The BMS small-molecule inhibitors tended to interact with one PD-L1 monomer first and further formed dimer with the other monomer for an advantage of stability. The results of binding free energy and water occupancy calculation revealed the key stability factors for ligand-induced PD-L1 dimers including the hydrophobic contribution of Ile54, Tyr56, Met115, Ala121, and Tyr123 on both monomers and the water bridges involved in _ALys124. The unbinding pathway prediction also indicated that the tunnel formed by PD-L1 dimers tended to be stable upon the getting away of BMS-inhibitors. The R-group QSAR model suggested that the substituents at R2, R4, R6, and R7 had a significant effect on the inhibition activities of BMS inhibitors. The structural modification with these substituent positions tended to be an effective way to improve the inhibition activities of BMS inhibitors. Taken together, this study would provide a comprehensive view of the inhibition mechanism for BMS small-molecule inhibitors and guide the further development of more potential small-molecule inhibitors targeting PD-L1.

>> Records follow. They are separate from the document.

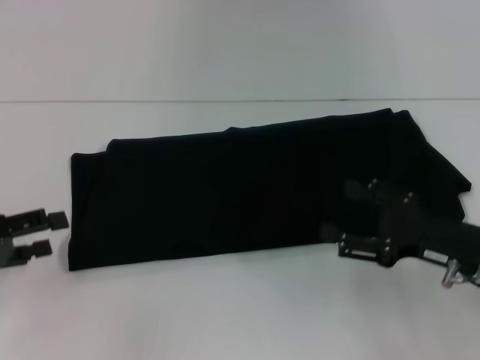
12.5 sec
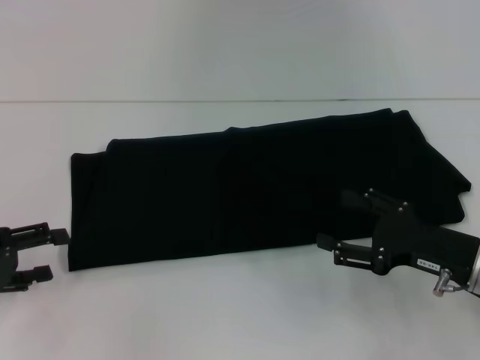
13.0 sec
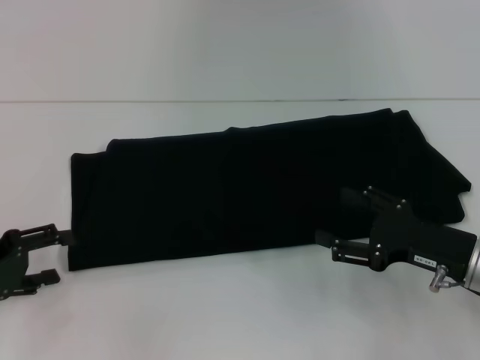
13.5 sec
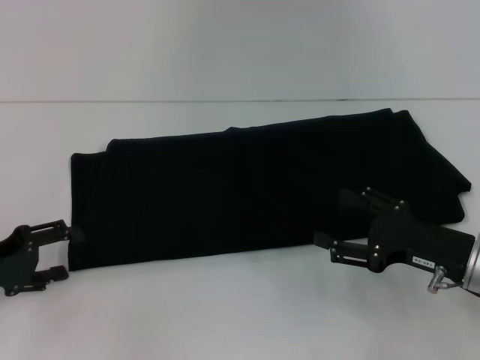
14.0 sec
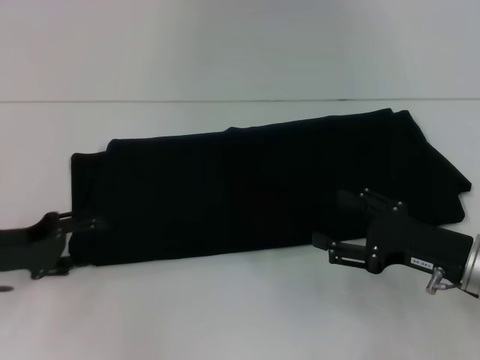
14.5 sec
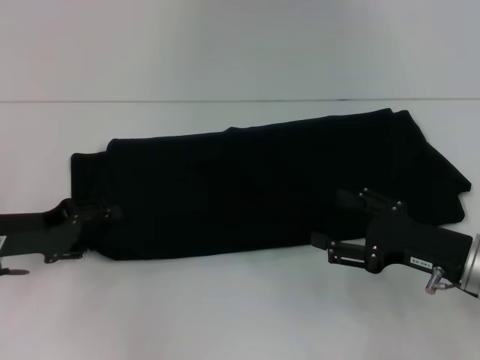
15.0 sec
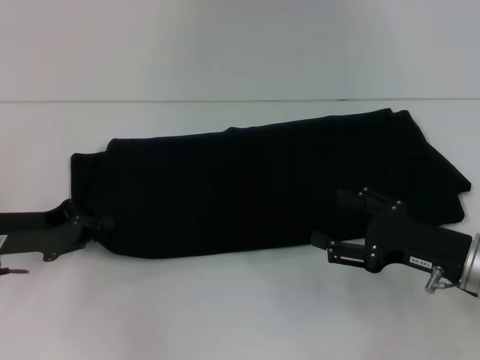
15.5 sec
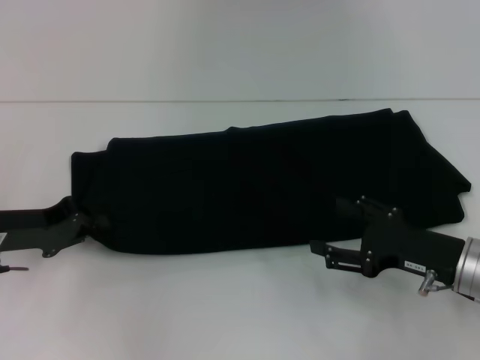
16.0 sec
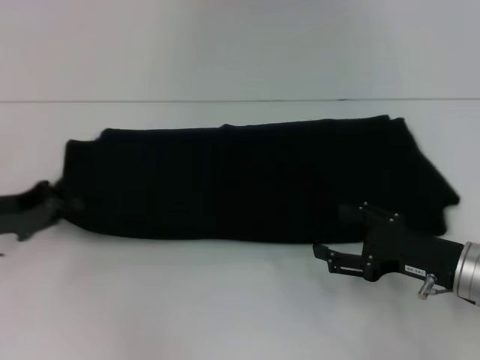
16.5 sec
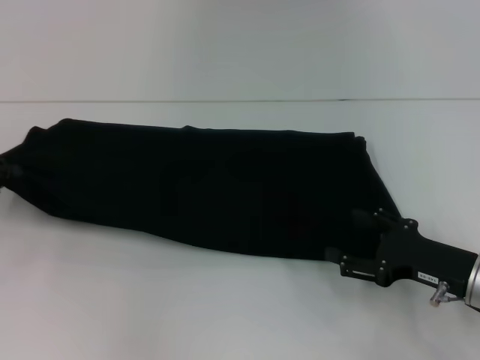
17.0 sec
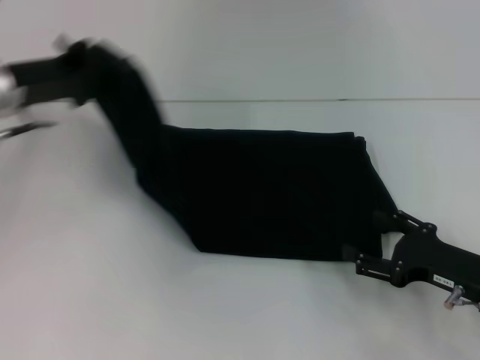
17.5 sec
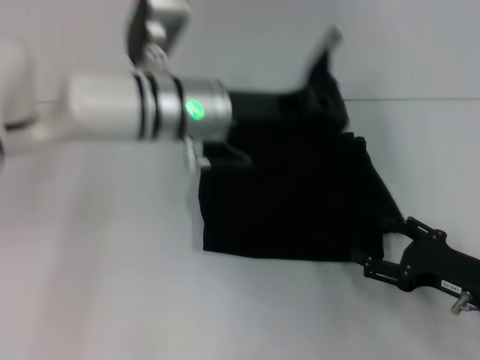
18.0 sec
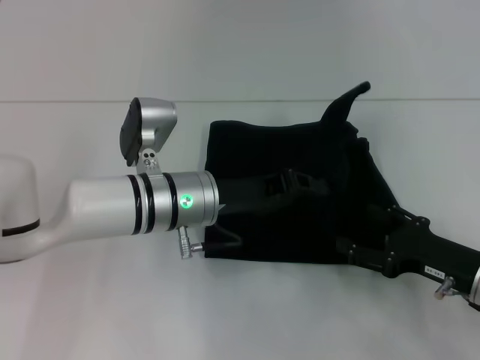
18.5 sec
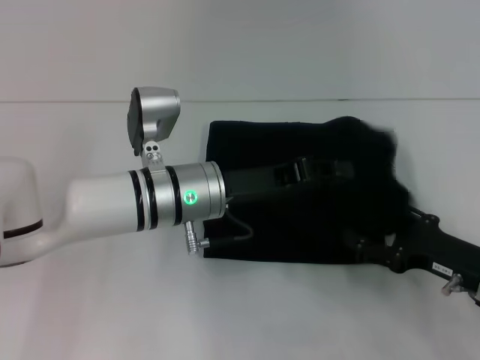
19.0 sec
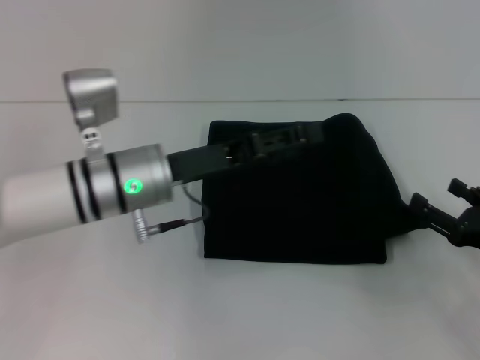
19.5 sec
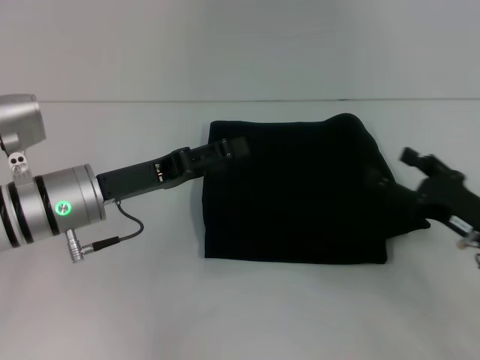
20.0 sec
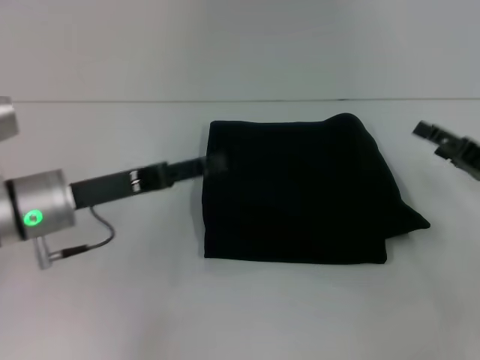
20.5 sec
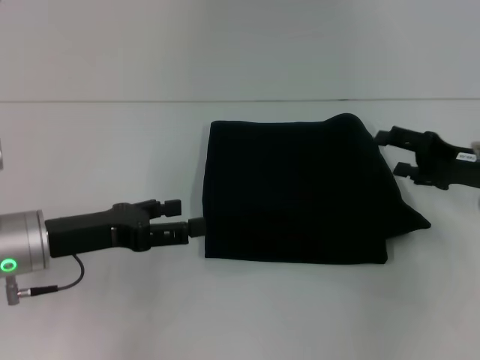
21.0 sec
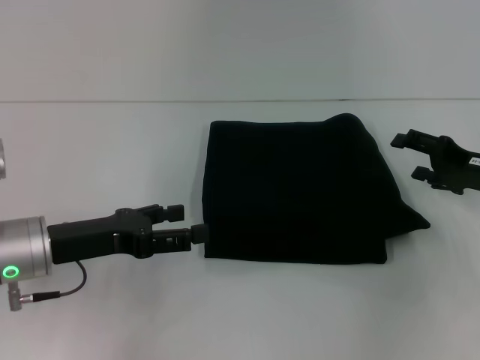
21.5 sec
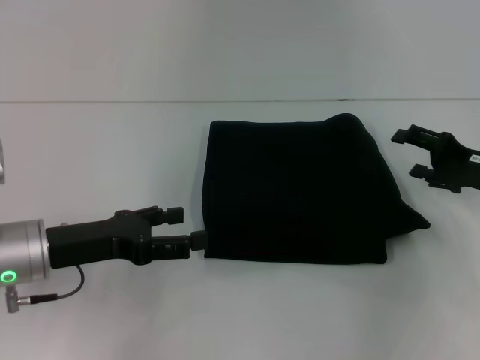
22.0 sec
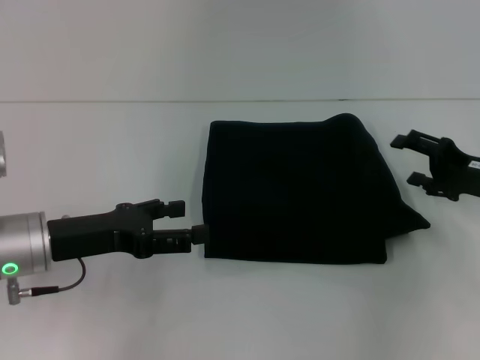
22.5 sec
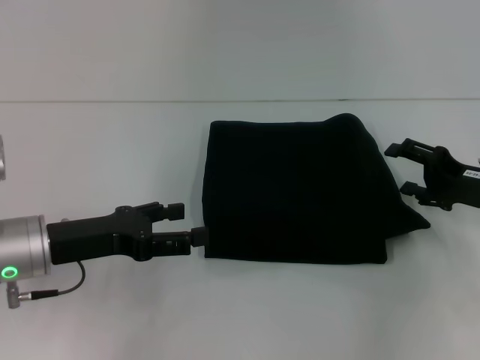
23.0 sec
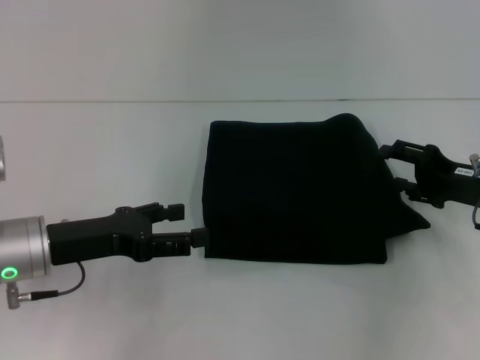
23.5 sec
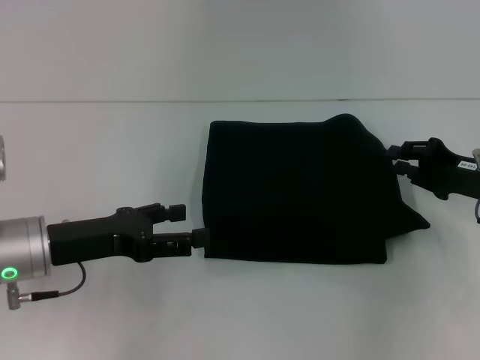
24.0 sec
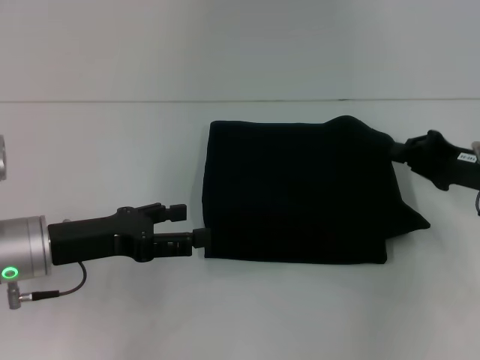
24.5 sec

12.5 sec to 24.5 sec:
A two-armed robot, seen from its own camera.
Step, 12.5 sec to 19.0 sec: Fold the clothes with your left hand.
12.5 sec to 14.5 sec: The left gripper changes place by some 5 cm.
14.5 sec to 16.5 sec: The left gripper closes.
16.5 sec to 18.5 sec: The left gripper travels to the right by about 25 cm.
18.5 sec to 20.5 sec: The right gripper is displaced forward and to the right by approximately 10 cm; the left gripper is displaced to the left by about 15 cm, and opens up.
22.5 sec to 24.5 sec: The right gripper closes up.

Data Availability Statement

The raw data supporting the conclusions of this manuscript will be made available by the authors, without undue reservation, to any qualified researcher.

Author Contributions

DS, HL, and XY designed the research. DS and XY were responsible for the writing and revising of the manuscript. XA, QB, SZ, and ZB were responsible the main data analysis in the manuscript.

Funding

This work was supported by the National Natural Science Foundation of China (Grant Nos. 21475054 and 2175060).

Conflict of Interest

The authors declare that the research was conducted in the absence of any commercial or financial relationships that could be construed as a potential conflict of interest.

Supplementary Material

The Supplementary Material for this article can be found online at: https://www.frontiersin.org/articles/10.3389/fchem.2019.00764/full#supplementary-material

Figure S1. The interactions diagrams between the monomer conformation A of PD-L1 (the initial crystal structure and three respective dynamics structures) and BMS-8 in the monomer system of replica 2.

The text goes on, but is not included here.